- _Assigned task_: Restate each record word for word, omitting whatever pictures it holds.

*** Opening of Exercise material ***

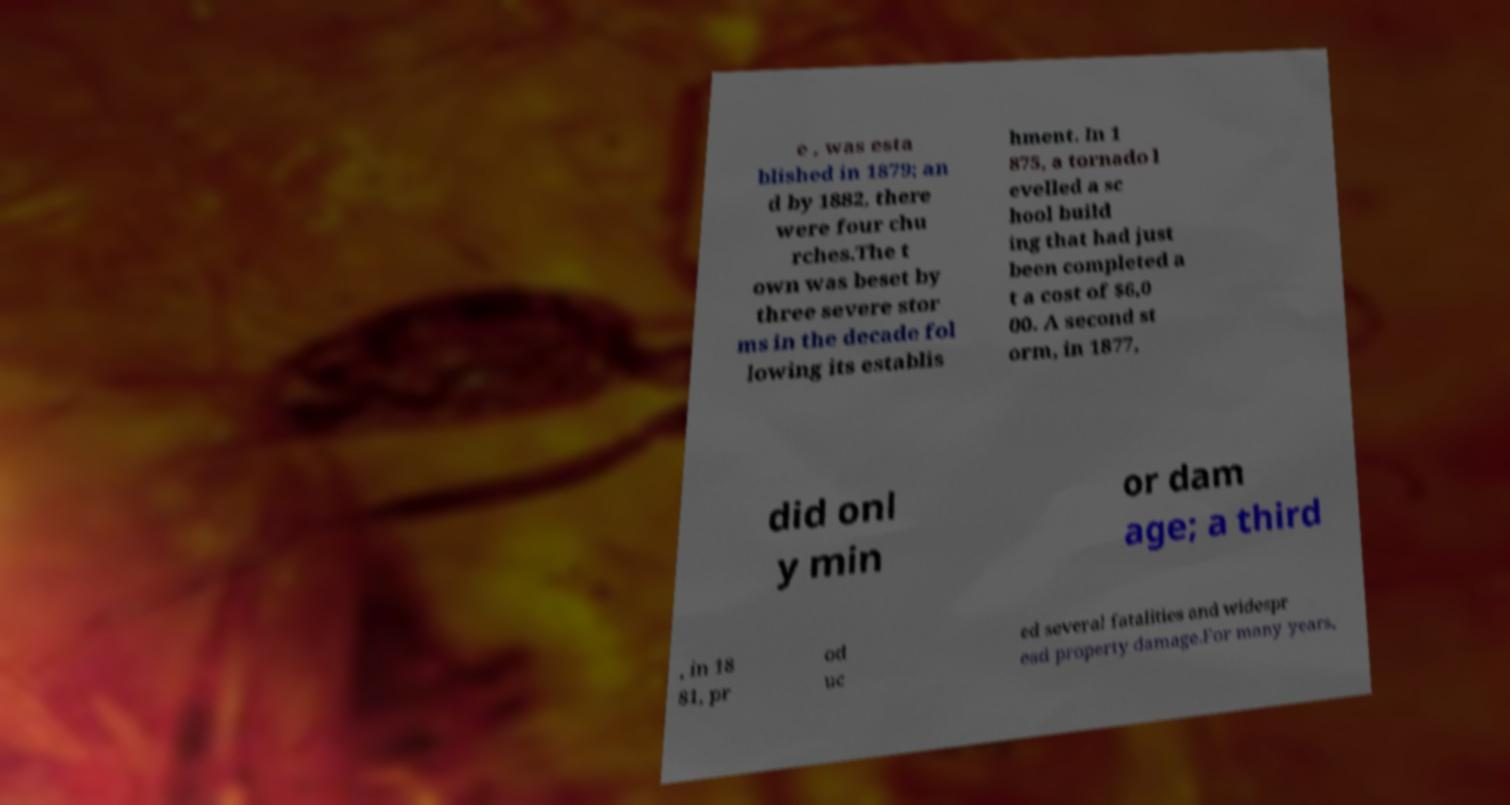Please identify and transcribe the text found in this image. e , was esta blished in 1879; an d by 1882, there were four chu rches.The t own was beset by three severe stor ms in the decade fol lowing its establis hment. In 1 875, a tornado l evelled a sc hool build ing that had just been completed a t a cost of $6,0 00. A second st orm, in 1877, did onl y min or dam age; a third , in 18 81, pr od uc ed several fatalities and widespr ead property damage.For many years, 
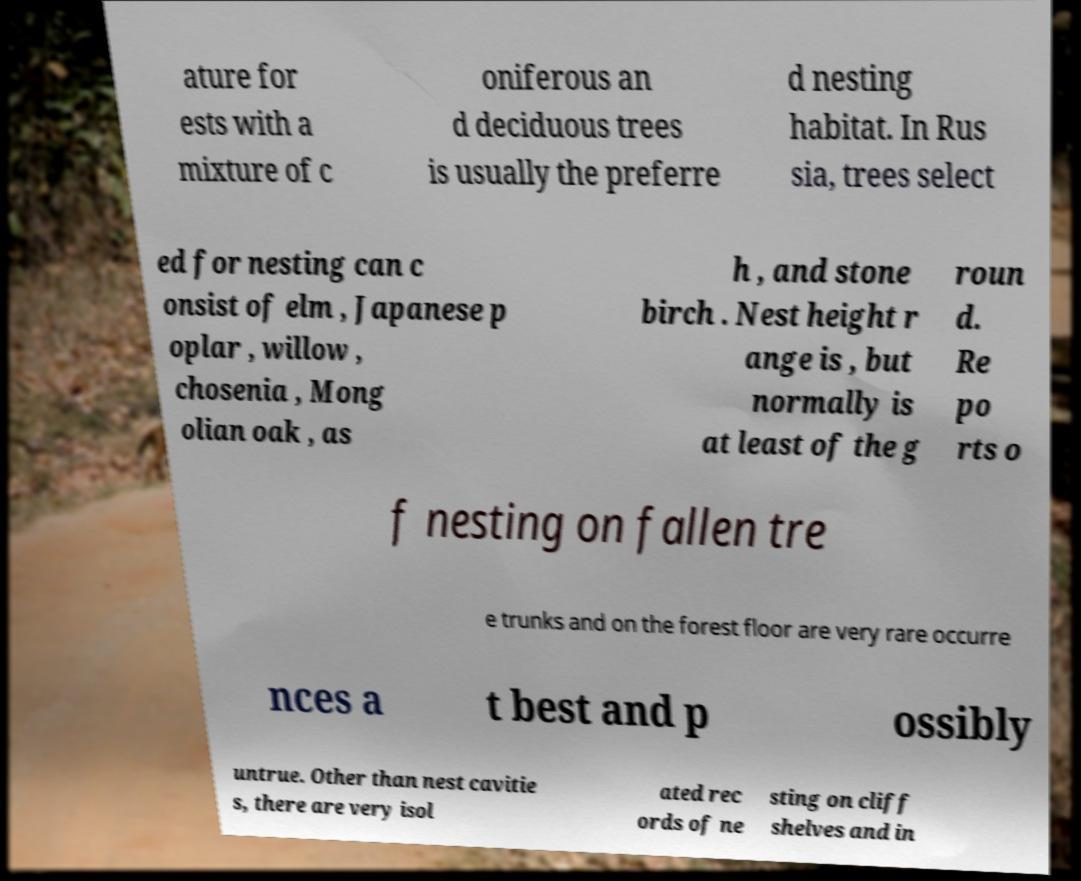There's text embedded in this image that I need extracted. Can you transcribe it verbatim? ature for ests with a mixture of c oniferous an d deciduous trees is usually the preferre d nesting habitat. In Rus sia, trees select ed for nesting can c onsist of elm , Japanese p oplar , willow , chosenia , Mong olian oak , as h , and stone birch . Nest height r ange is , but normally is at least of the g roun d. Re po rts o f nesting on fallen tre e trunks and on the forest floor are very rare occurre nces a t best and p ossibly untrue. Other than nest cavitie s, there are very isol ated rec ords of ne sting on cliff shelves and in 
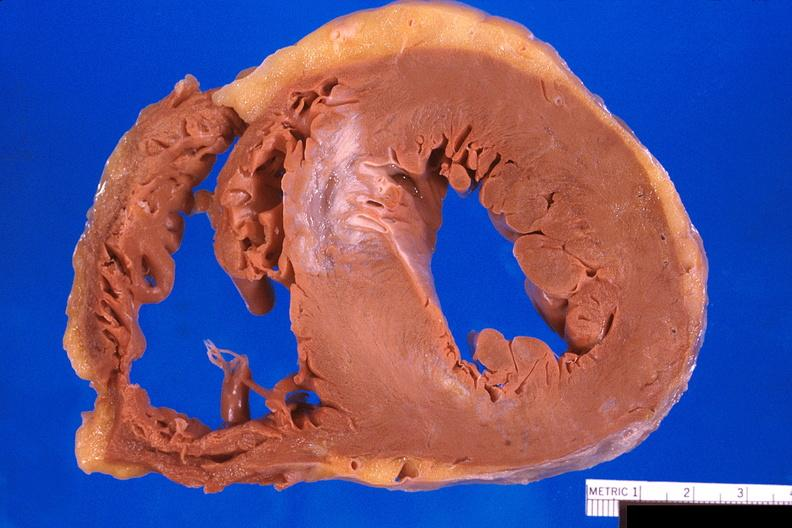does surface show heart, old myocardial infarction with fibrosis?
Answer the question using a single word or phrase. No 
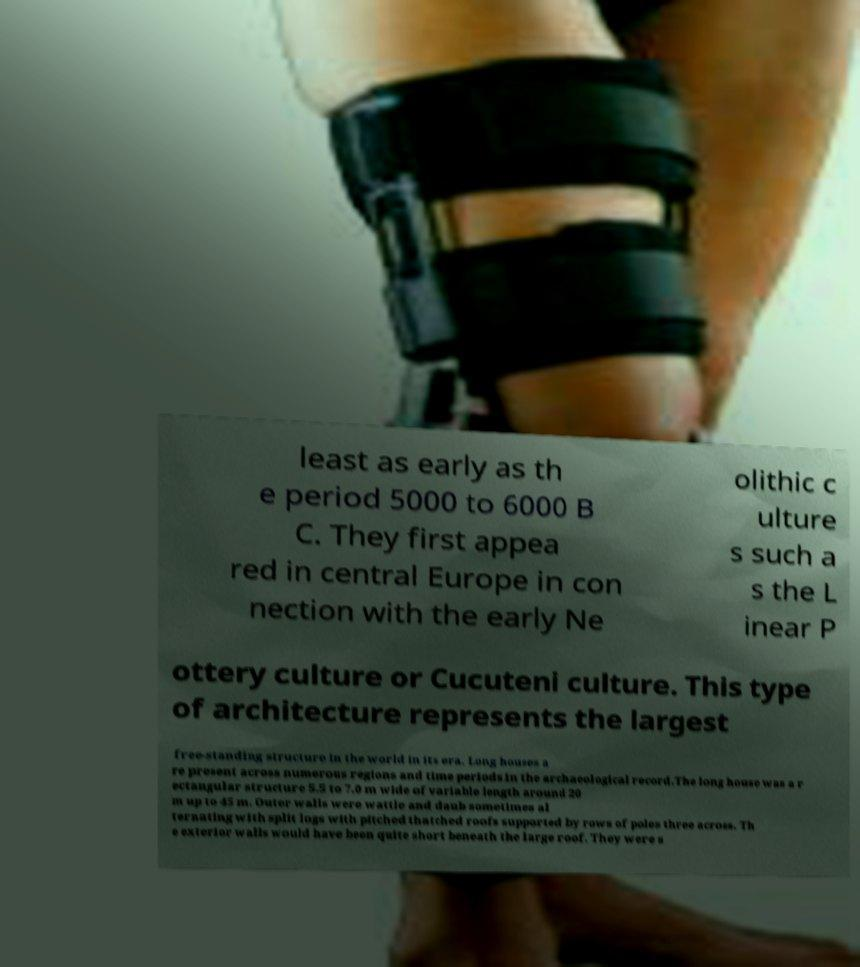For documentation purposes, I need the text within this image transcribed. Could you provide that? least as early as th e period 5000 to 6000 B C. They first appea red in central Europe in con nection with the early Ne olithic c ulture s such a s the L inear P ottery culture or Cucuteni culture. This type of architecture represents the largest free-standing structure in the world in its era. Long houses a re present across numerous regions and time periods in the archaeological record.The long house was a r ectangular structure 5.5 to 7.0 m wide of variable length around 20 m up to 45 m. Outer walls were wattle and daub sometimes al ternating with split logs with pitched thatched roofs supported by rows of poles three across. Th e exterior walls would have been quite short beneath the large roof. They were s

*** Close of Exercise material ***

- _Solution below_:
Please identify and transcribe the text found in this image. e , was esta blished in 1879; an d by 1882, there were four chu rches.The t own was beset by three severe stor ms in the decade fol lowing its establis hment. In 1 875, a tornado l evelled a sc hool build ing that had just been completed a t a cost of $6,0 00. A second st orm, in 1877, did onl y min or dam age; a third , in 18 81, pr od uc ed several fatalities and widespr ead property damage.For many years, 
There's text embedded in this image that I need extracted. Can you transcribe it verbatim? ature for ests with a mixture of c oniferous an d deciduous trees is usually the preferre d nesting habitat. In Rus sia, trees select ed for nesting can c onsist of elm , Japanese p oplar , willow , chosenia , Mong olian oak , as h , and stone birch . Nest height r ange is , but normally is at least of the g roun d. Re po rts o f nesting on fallen tre e trunks and on the forest floor are very rare occurre nces a t best and p ossibly untrue. Other than nest cavitie s, there are very isol ated rec ords of ne sting on cliff shelves and in 
does surface show heart, old myocardial infarction with fibrosis?
Answer the question using a single word or phrase. No 
For documentation purposes, I need the text within this image transcribed. Could you provide that? least as early as th e period 5000 to 6000 B C. They first appea red in central Europe in con nection with the early Ne olithic c ulture s such a s the L inear P ottery culture or Cucuteni culture. This type of architecture represents the largest free-standing structure in the world in its era. Long houses a re present across numerous regions and time periods in the archaeological record.The long house was a r ectangular structure 5.5 to 7.0 m wide of variable length around 20 m up to 45 m. Outer walls were wattle and daub sometimes al ternating with split logs with pitched thatched roofs supported by rows of poles three across. Th e exterior walls would have been quite short beneath the large roof. They were s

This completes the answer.